Because of rule 3.4 we see that I/O's must be isolated into a single, top-level block. We can also see from rules 3.5 and 3.6 that the top levels of different hierarchical functions must be connected to each other. In our project this connection is accomplished within the I/O block; however, you keep the I/O block separate and add an interconnect block. This allows the I/O block to be easily swapped out. Changeable I/O is desirable, since the I/O architecture of an embedded intellectual property can vary significantly from the I/O block needed when that same IP is used for a stand-alone application. This also allows the synthesis tool to readily remove unused functions by tying the inputs used only by that function to a static value (0 or 1).

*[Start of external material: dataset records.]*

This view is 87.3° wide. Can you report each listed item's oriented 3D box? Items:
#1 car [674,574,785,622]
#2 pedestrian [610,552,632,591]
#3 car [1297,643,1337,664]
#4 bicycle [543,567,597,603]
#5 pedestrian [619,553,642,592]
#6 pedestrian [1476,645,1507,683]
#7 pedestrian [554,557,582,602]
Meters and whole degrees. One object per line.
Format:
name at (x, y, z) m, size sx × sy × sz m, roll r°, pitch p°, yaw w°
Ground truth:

Many device vendor synthesis tools can infer global clocks. In some cases, they must be tied to a buffer in the I/O module. I generally apply those buffers without any associated compiler directives, since may ASICs will require them. However, applying a buffer to an input signal may affect the synthesis of certain vendor topologies or devices so you may end up adding compiler directives or conditional statements later to support these vendor devices or topologies.

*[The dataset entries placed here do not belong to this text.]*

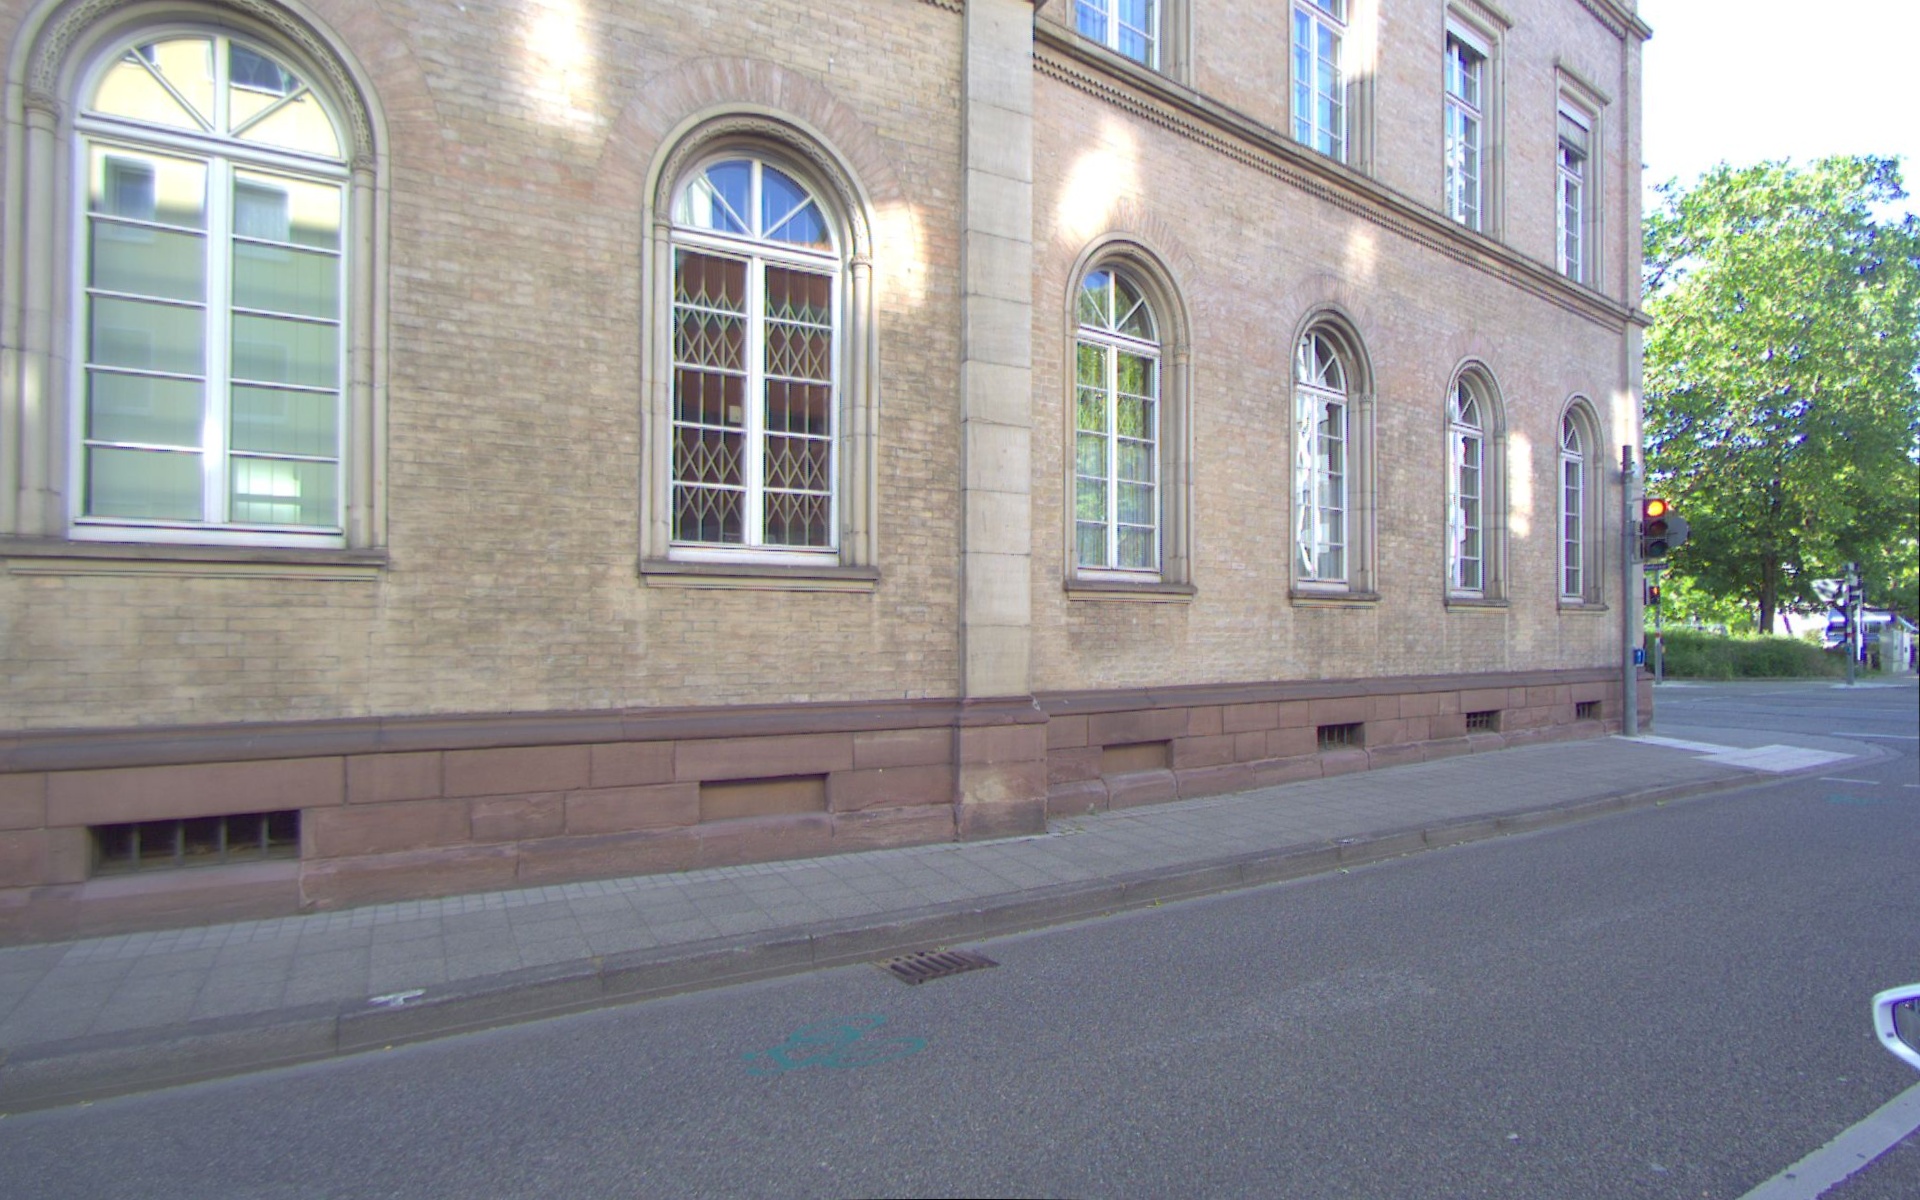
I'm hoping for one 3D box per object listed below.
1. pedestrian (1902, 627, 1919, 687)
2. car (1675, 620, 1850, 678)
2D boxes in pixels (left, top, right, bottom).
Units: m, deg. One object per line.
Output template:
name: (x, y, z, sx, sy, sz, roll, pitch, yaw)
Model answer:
pedestrian: (26.356, 1.561, 27.519, 0.702, 1.620, 0.615, -1, -1, 36)
car: (26.355, 1.558, 33.112, 1.888, 1.801, 4.193, 1, -2, -37)

Also note that bi-directional signals are broken apart leaving and entering the I/O module. For instance, in our microprocessor IP, the AD bus has an ad_in signal set going out of the I/O module from the connected modules, and an ad_out signal set entering the I/O module from the connected modules. Because of this separation, we can remove ad_in from the bus interface, since the bus interface will never directly use it.

Whenever possible, the control and signal sense of all I/O buffers should be the same. In other words, all I/O tristate buffers should be either bufif0 or bufif1, but not a mix of the two. They should be non-inverting in function. When this is not possible, as in the case of the buffer for rst_out_pad in our project, it is better to invert the state of the control or input signal than to change the buffer (in our example we will invert rst_in_n to generate rst_out_pad rather than inserting an inverting buffer).

    
2.2 Developing a Project Skeleton
    

The project skeleton is the first version of your Verilog code. It consists of a completed I/O module and black box modules for each of your physical architectural blocks, which will serve either as complete functions or as the top level modules in function hierarchies. Connect the known signals to these blocks. Additional signals can easily be inserted and unused signals removed as your project evolves.

he first project evolution can begin while you are creating the project skeleton. While you are writing the Verilog code, project the block functional requirements and add any additional signal resource dependencies or unused signals that you have not identified during your block diagram development. Add or remove these signals to/from your functional block, project hierarchy, and block diagram. The block diagram that I presented earlier incorporated this type of evolution.

My project skeleton for our microprocessor appears as:

Skeleton

3. Exercise
 
  1. Pick a multi-functional device datasheet or description. Peripheral chips, such as the 8254 timer/counter or the 8251 USART, are good for this particular exercise.

  2. Read any available reviews for your device. Ask your peers for ideas; for instance, one of your peers might wish for an HDLC datalink controller built into the 8251 USART. Add enhancements based upon those reviews. Write a product specification from these inputs.

  3. Develop a preliminary block diagram for your enhanced project. Write descriptions of each block.

  4. Based upon your initial architecture, attach the known or anticipated I/O to each block. Add internal block connections and busses.

  5. Compare your block diagram with the vendor's block diagram if possible.

  6. Write a skeleton project for your block diagram. Add any additional signals identified during this process to your block diagram.